_Data segment:_
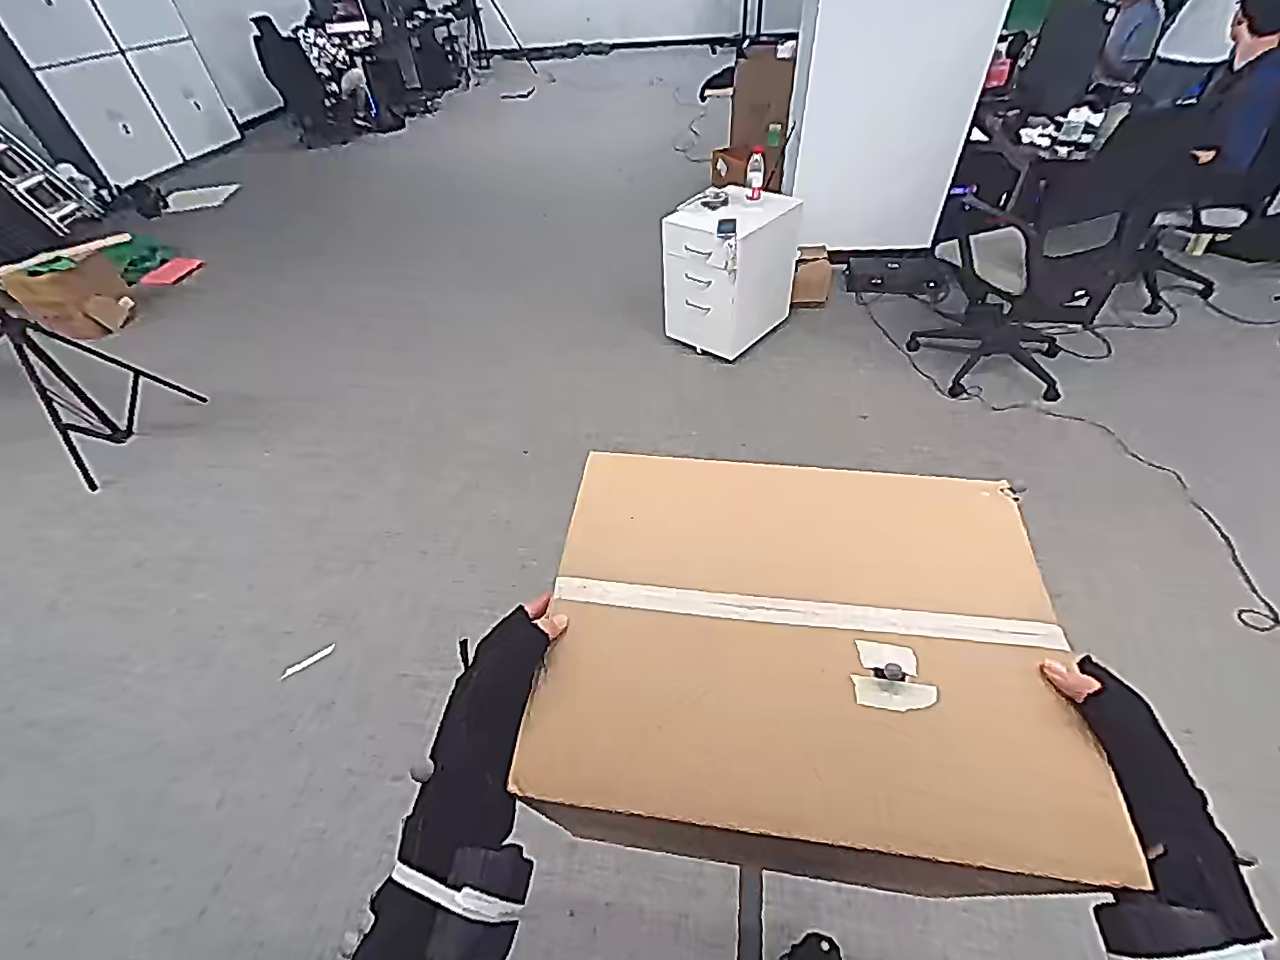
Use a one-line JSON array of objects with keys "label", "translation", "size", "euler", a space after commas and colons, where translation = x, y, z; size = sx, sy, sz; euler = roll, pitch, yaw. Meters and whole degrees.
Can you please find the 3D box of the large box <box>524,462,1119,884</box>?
[{"label": "large box", "translation": [0.134, 0.206, 0.570], "size": [0.408, 0.320, 0.320], "euler": [5, 54, 7]}]

_What the exercise asks:_
With the pictures omitted, give every line above again exactly.

_Answer for the task:_
Use a one-line JSON array of objects with keys "label", "translation", "size", "euler", a space after commas and colons, where translation = x, y, z; size = sx, sy, sz; euler = roll, pitch, yaw. Meters and whole degrees.
Can you please find the 3D box of the large box <box>524,462,1119,884</box>?
[{"label": "large box", "translation": [0.134, 0.206, 0.570], "size": [0.408, 0.320, 0.320], "euler": [5, 54, 7]}]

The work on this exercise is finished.